Meridian Trade

Meridian Trade is the Leveraged DeFi trading platform within the Meridian suite of products. Leveraged Trading is a popular form of derivative trading that enables investors to speculate on the price movements of crypto assets, such as ETH and USDM without owning the underlying asset. Meridian Trade is margin-based, allowing traders to deposit a set percentage of the full value of a trade in order to offer greater exposure to the markets as compared to buying and holding the underlying asset. Trading with margin (or leverage) therefore amplifies both profits and losses equally.

With Leveraged Trading

  • You don’t own the underlying asset; instead, you speculate on the direction you think the market will go

  • You can trade on both sides of the market and go long (‘buy’) or short (‘sell’) depending on your view

  • You only need to deposit a percentage of the full trade value and can select the degree of leverage that you wish to take for each position. This offers greater exposure to the markets compared with traditional investing.

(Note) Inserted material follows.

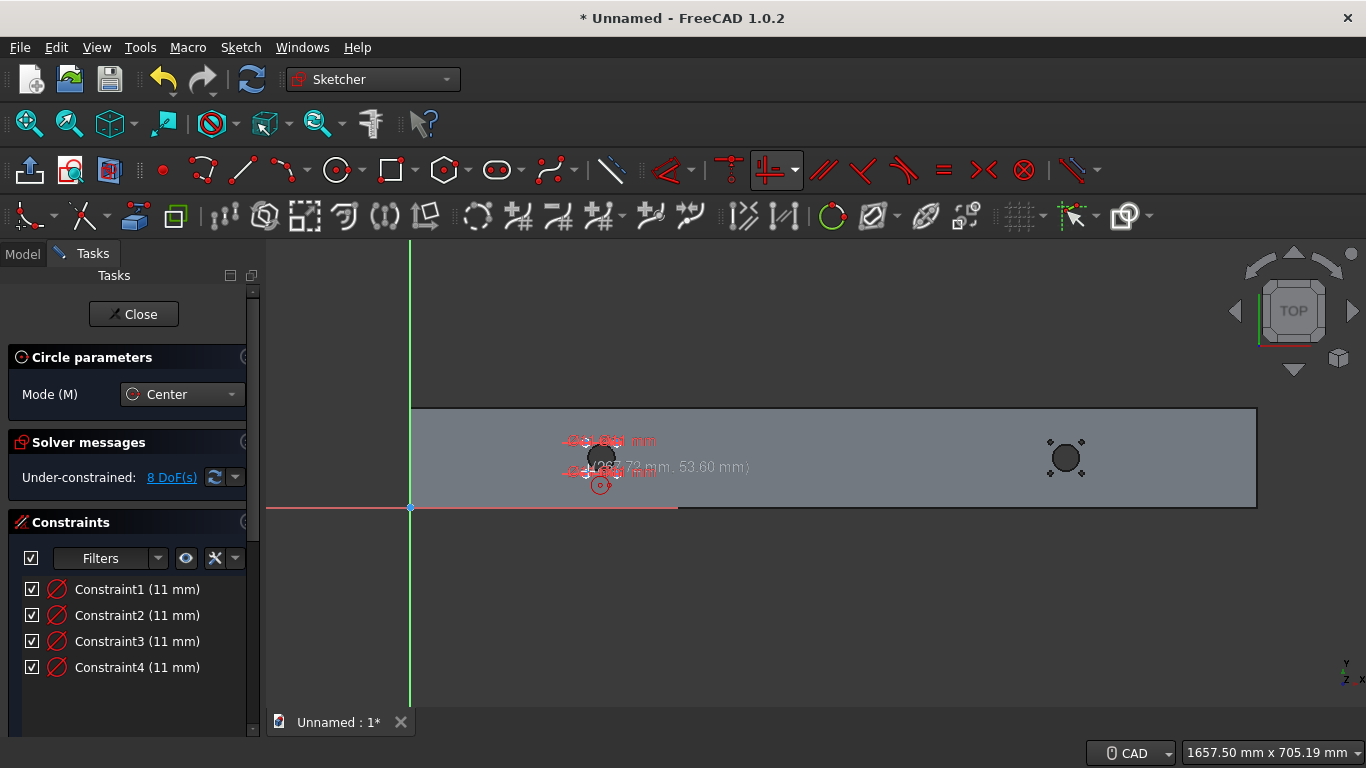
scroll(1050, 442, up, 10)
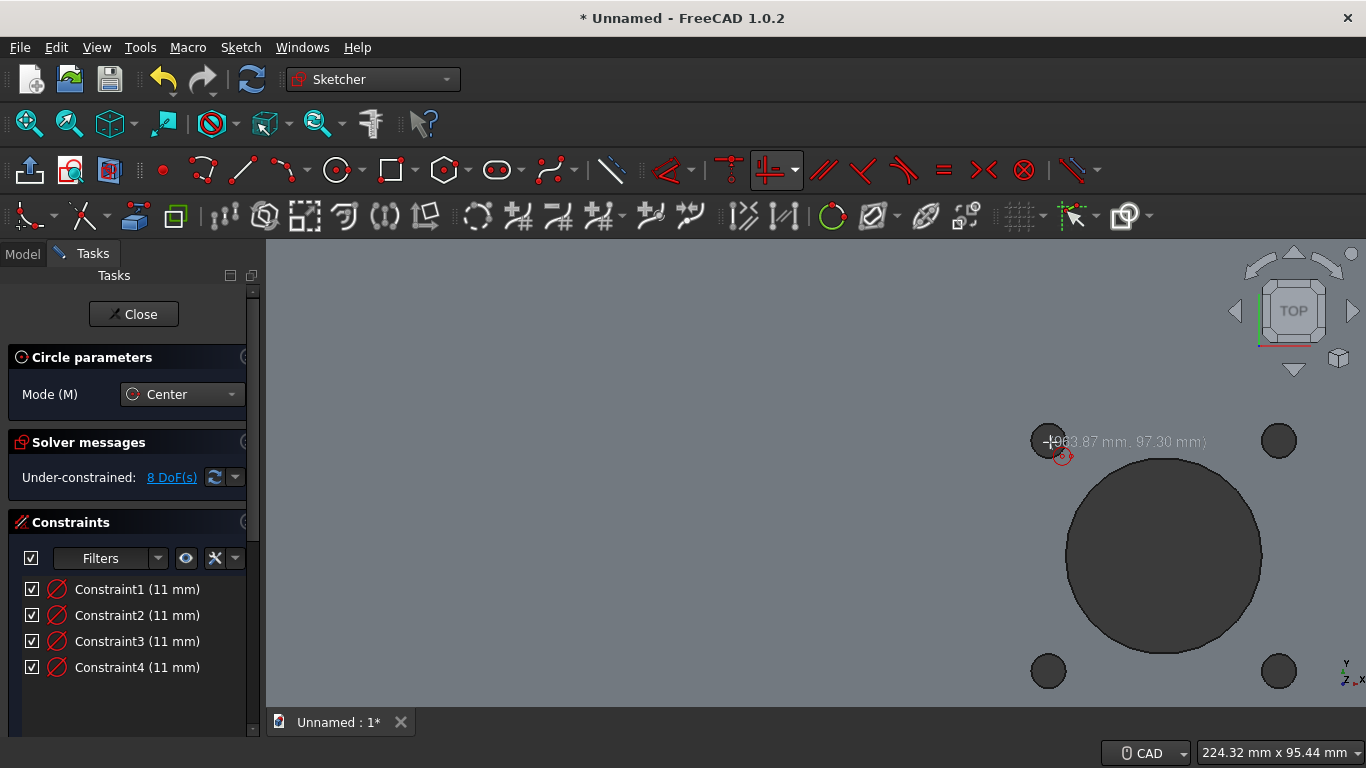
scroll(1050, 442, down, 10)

  • Your profits and losses are amplified based on the full value of the trade, so if you invest $100 with a 5x leverage then, when the price of the underlying asset rises by $4 your gross trading profit will be $20, however if the price of the underlying asset falls by $4 then your trading collateral will be reduced to $80.

  • Provided that you have sufficient underlying collateral, you can maintain your position for as long or short a period as you wish.

  • Trading strategies range from scalping, which is a very short-term form of trading, through to a much longer-term investment positions.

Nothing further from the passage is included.